Optimal Approximation Rate of ReLU Networks in terms of Width and Depth
This work provides foundational theoretical insights into neural network design, addressing a core problem in machine learning for researchers and practitioners by establishing optimal bounds on approximation capabilities.
This paper tackles the problem of approximating continuous functions using ReLU neural networks by deriving optimal approximation rates in terms of width and depth, achieving rates such as O(λ√d (N^2L^2 ln N)^{-α/d}) for Hölder continuous functions, which are shown to be optimal up to a constant factor.

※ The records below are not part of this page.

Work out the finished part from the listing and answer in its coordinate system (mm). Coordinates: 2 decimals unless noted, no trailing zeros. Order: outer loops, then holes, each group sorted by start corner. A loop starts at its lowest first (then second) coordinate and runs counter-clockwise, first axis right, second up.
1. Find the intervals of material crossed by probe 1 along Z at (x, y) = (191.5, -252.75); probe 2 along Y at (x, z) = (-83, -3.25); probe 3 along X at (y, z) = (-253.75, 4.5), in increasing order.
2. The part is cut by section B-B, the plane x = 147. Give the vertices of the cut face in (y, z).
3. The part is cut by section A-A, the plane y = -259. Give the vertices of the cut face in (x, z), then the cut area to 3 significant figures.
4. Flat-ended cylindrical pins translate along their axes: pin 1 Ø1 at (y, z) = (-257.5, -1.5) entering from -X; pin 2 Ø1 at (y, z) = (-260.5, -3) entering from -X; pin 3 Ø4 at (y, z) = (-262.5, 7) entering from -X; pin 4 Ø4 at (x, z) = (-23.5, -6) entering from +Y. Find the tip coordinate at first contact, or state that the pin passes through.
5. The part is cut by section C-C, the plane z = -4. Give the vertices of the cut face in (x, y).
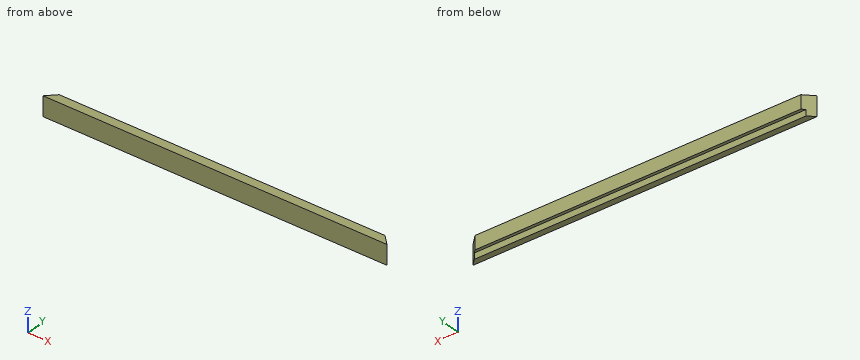
```python
from build123d import *

# Parameters (mm, degrees)
PAD003_DEPTH         = 350
POCKET002_DEPTH      = 8.001
POCKET002_DEPTH_BACK = 30.001
SKETCH008_W          = 12
SKETCH008_H          = 12
POCKET003_DEPTH      = 226.501
POCKET003_DEPTH_BACK = 226.501


with BuildPart() as part:
    # Sketch005 → Pad003 (new body, symmetric)
    with BuildSketch(Plane.YZ):
        Polygon((-252, 0), (-252, 30), (-264, 25.632357), (-264, -8), (-256, -8), (-256, 0), align=None)
    extrude(amount=PAD003_DEPTH, both=True)

    # Sketch006 → Pocket002 (cut, two sides)
    with BuildSketch(Plane.XY) as pocket002_sk:
        Polygon((-350, -264), (-350, -252), (-214.5, -252), (-226.5, -264), align=None)
        Polygon((350, -264), (350, -252), (214.5, -252), (226.5, -264), align=None)
    extrude(amount=-POCKET002_DEPTH, mode=Mode.SUBTRACT)
    extrude(pocket002_sk.sketch, amount=POCKET002_DEPTH_BACK, mode=Mode.SUBTRACT)

    # Sketch008 → Pocket003 (cut, two sides)
    with BuildSketch(Plane.YZ) as pocket003_sk:
        with Locations((-258, 24)):
            Rectangle(SKETCH008_W, SKETCH008_H)
    extrude(amount=-POCKET003_DEPTH, mode=Mode.SUBTRACT)
    extrude(pocket003_sk.sketch, amount=POCKET003_DEPTH_BACK, mode=Mode.SUBTRACT)


solid = part.part
```
Geometry says:
1. probe 1: z = 0 to 18
1. probe 2: y = -264 to -256
1. probe 3: x = -216.25 to 216.25
2. outline: (-264, -8) - (-256, -8) - (-256, 0) - (-252, 0) - (-252, 18) - (-264, 18) - close
3. outline: (-221.5, -8) - (221.5, -8) - (221.5, 18) - (-221.5, 18) - close
3. area: 11,500 mm2
4. pin 1: stops at x = -220.5
4. pin 2: stops at x = -223.5
4. pin 3: stops at x = -226.5
4. pin 4: stops at y = -256
5. outline: (-226.5, -264) - (226.5, -264) - (218.5, -256) - (-218.5, -256) - close

This paper concentrates on the approximation power of deep feed-forward neural networks in terms of width and depth. It is proved by construction that ReLU networks with width $\mathcal{O}\big(\max\{d\lfloor N^{1/d}\rfloor,\, N+2\}\big)$ and depth $\mathcal{O}(L)$ can approximate a Hölder continuous function on $[0,1]^d$ with an approximation rate $\mathcal{O}\big(λ\sqrt{d} (N^2L^2\ln N)^{-α/d}\big)$, where $α\in (0,1]$ and $λ>0$ are Hölder order and constant, respectively. Such a rate is optimal up to a constant in terms of width and depth separately, while existing results are only nearly optimal without the logarithmic factor in the approximation rate. More generally, for an arbitrary continuous function $f$ on $[0,1]^d$, the approximation rate becomes $\mathcal{O}\big(\,\sqrt{d}\,ω_f\big( (N^2L^2\ln N)^{-1/d}\big)\,\big)$, where $ω_f(\cdot)$ is the modulus of continuity. We also extend our analysis to any continuous function $f$ on a bounded set. Particularly, if ReLU networks with depth $31$ and width $\mathcal{O}(N)$ are used to approximate one-dimensional Lipschitz continuous functions on $[0,1]$ with a Lipschitz constant $λ>0$, the approximation rate in terms of the total number of parameters, $W=\mathcal{O}(N^2)$, becomes $\mathcal{O}(\tfracλ{W\ln W})$, which has not been discovered in the literature for fixed-depth ReLU networks.